Göçmenlerin sorunları güvenli topraklara ulaştıklarında da sona ermiyordu. Doğup büyüdükleri toprakları, evlerini, sahip oldukları bütün maddi birikimi, emlak ve emtiayı, mezarlarını ve anılarını geride bırakıp hiç bilmedikleri bir yere doğru göçe başlamak Rumeli ve Kafkas muhacirleri için de Kırım Tatarları ve Yahudiler için de Uygur Türkleri ve Gürcüler için de ve diğer tüm gruplar için de aynı ölçüde sarsıcıydı. Bazı dönemlerde ardı arkası kesilmeyen muhacir gruplarına başlarını sokacakları bir çatı altı bulmak bile mümkün olamamış, İstanbul’un Ayasofya ve Sultanahmet gibi büyük mabetleri ve sarayları muhacirlere açılmıştı.

Göç sırasında yaşananlar, kaybedilen aile fertleri, ölümlerle süren ve geldikleri yerde de başka şekillerde devam eden sorunlar, arazi anlaşmazlıkları, hastalıklar, ölümler ve bütün bunların ürünü olan savaşın ve savaş sonrasının travması uzun zaman boyunca onları etkilemeye devam ediyordu.

Balkan ve Kafkas muhacirleri Suriye’de (1877-1891)

Savaş koşullarında devlet, muhacirlerin gıda, sağlık ve barınma gibi çok temel ihtiyaçlarını bile karşılamakta zorlanıyordu. Bu nedenle, bir şekilde İstanbul’a ulaşmayı başaran muhacirler, devlet tarafından oradan da başka güvenli yerlere gönderiliyordu. Bu güvenli yerler arasında bugünkü Suriye ve Lübnan kentleri de vardı.

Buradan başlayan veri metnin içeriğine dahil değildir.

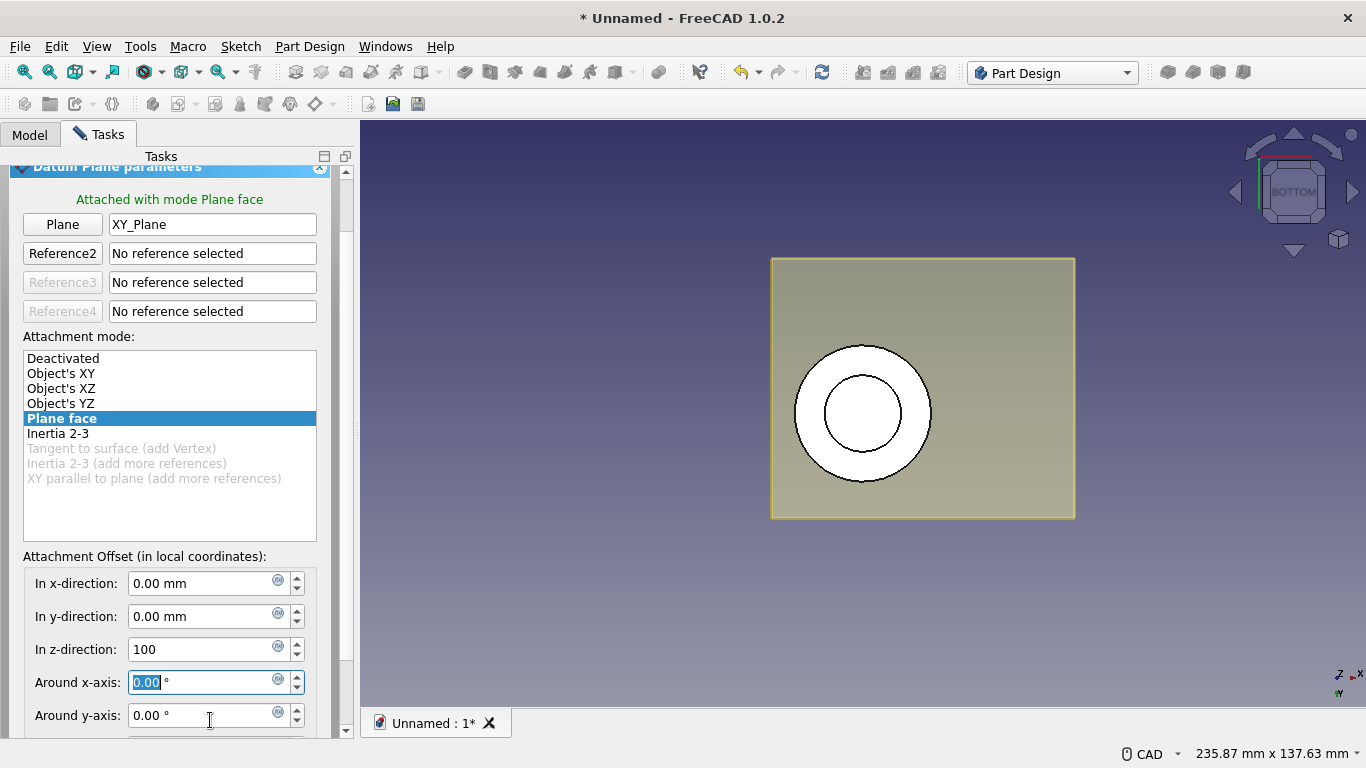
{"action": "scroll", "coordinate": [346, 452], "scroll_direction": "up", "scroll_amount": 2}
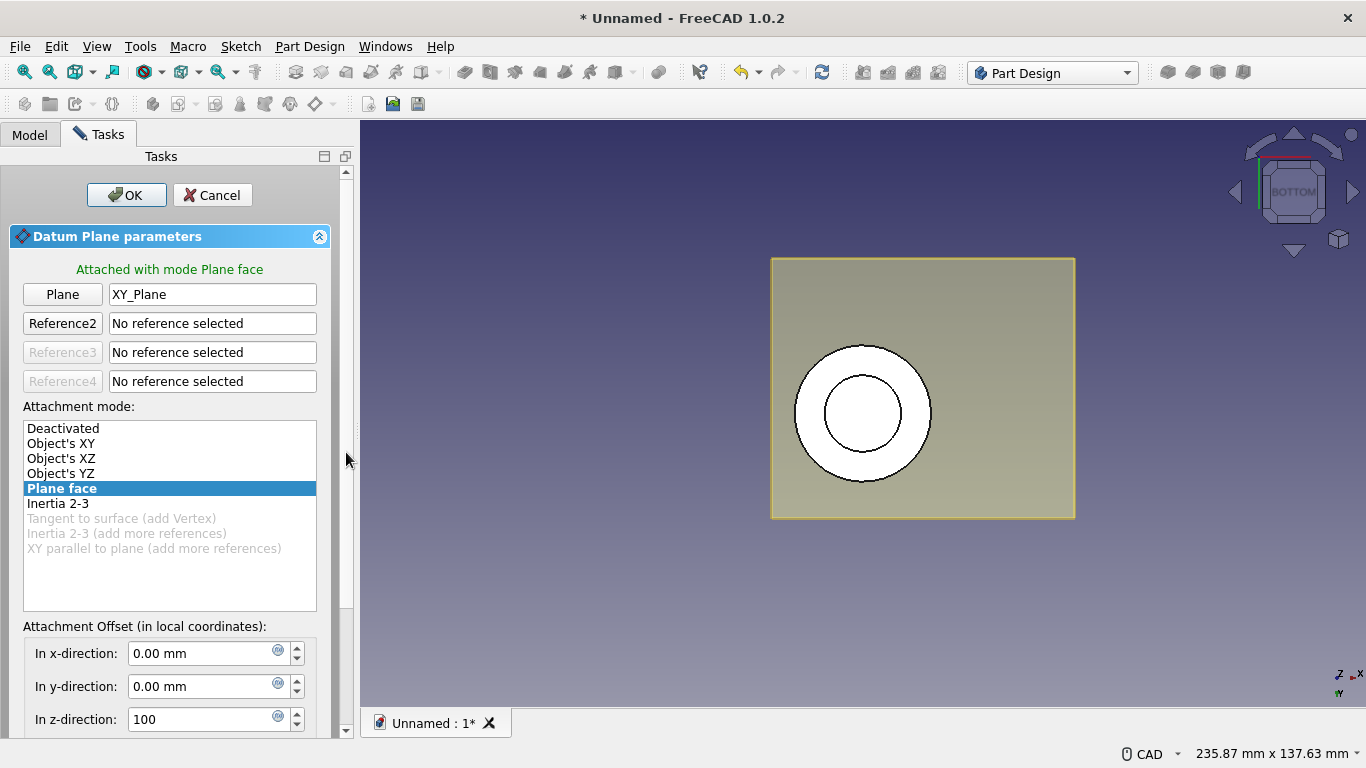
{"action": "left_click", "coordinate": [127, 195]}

Nedim İpek’in çalışması, o yıllarda Arap kentlerinin bu yükü nasıl paylaştığına ışık tutuyor:

“Limanlarda yığışan muhacirler, Şam, Nablus, Hama, Maphlouse, Kuneytra, Dumer, Yafa, Akka gibi … yerlere eldeki imkanlar dahilinde sevk edildi. Mesela Temmuz 1878’e kadar Hama’da 10.000 göçmen İskân edilmiştir.

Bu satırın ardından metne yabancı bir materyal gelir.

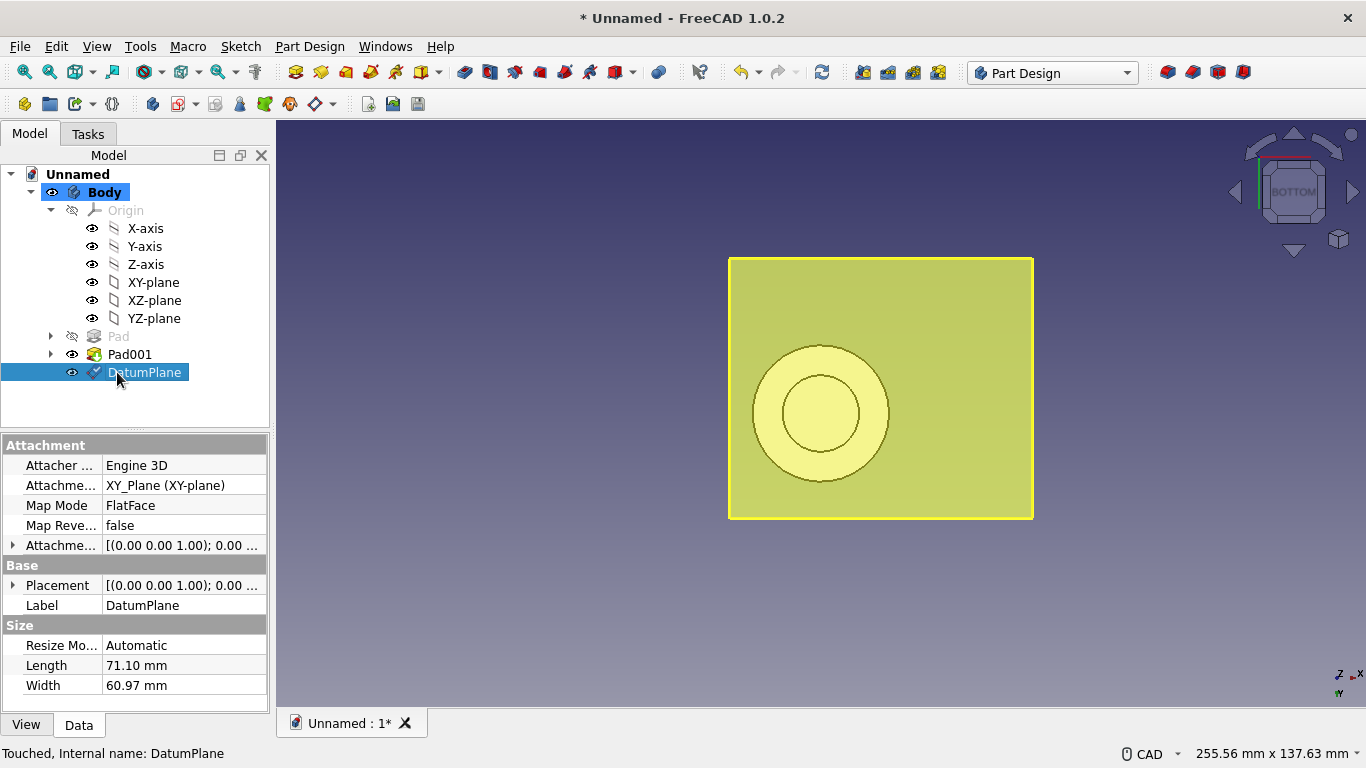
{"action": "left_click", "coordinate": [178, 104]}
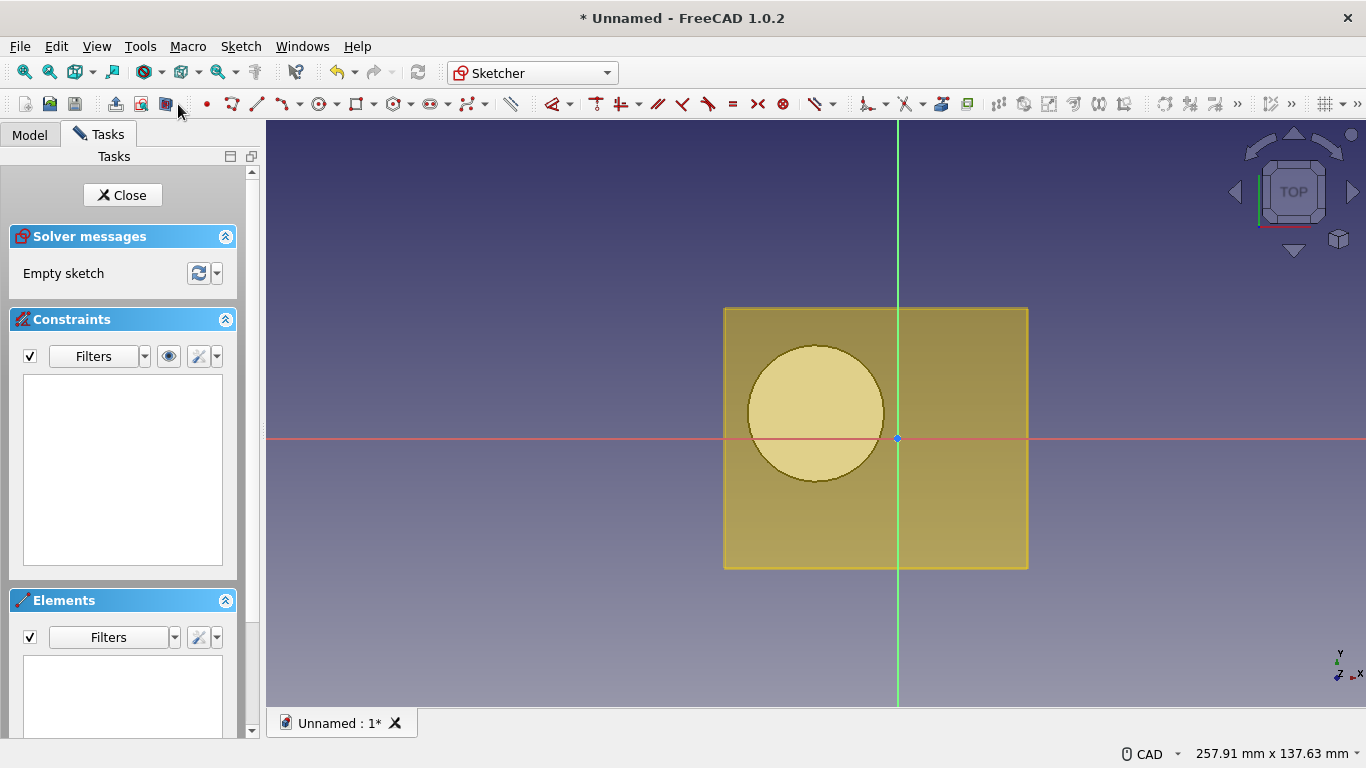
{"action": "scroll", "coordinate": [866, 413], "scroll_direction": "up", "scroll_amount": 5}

Sorun göçmenleri iskân etmekle bitmiyordu. Zira hiçbir geçim kaynağına sahip olmayan muhacirlerin zaruri ihtiyaçlarını en azından 1879 hasat mevsimine kadar yerli ahali tarafından karşılanacaktı.

Bugün Türkiye nüfusunun önemli bir bölümü, tarihin bir döneminde göçmen olan insanlar veya onlarla akrabalık bağı kurmuş bireylerden oluşuyor. Çin ve Moğol yayılması sürecinde Batıya göç eden ve Anadolu’yu yurt edinen Türklerin ardından, bin yılı aşkın bir süre içinde, çeşitli dönemlerde yoğunlaşıp azalsa da hiç bitmeyen göç tecrübeleri yaşandı. Bugün otokton halklar ve tarih içinde gelenlerle birlikte, yaklaşık 5019 veya 6720 farklı etnik kimliğin varlığından söz ediliyor.

Artık nüfusun önemli bir bölümü kendisini göçmen olarak tanımlamıyor. Bununla beraber kendisini üç veya beş kuşak sonra bile göçmen olarak tanımlayanlar da var ve hepsi birlikte Türkiye toplumunu oluşturuyorlar.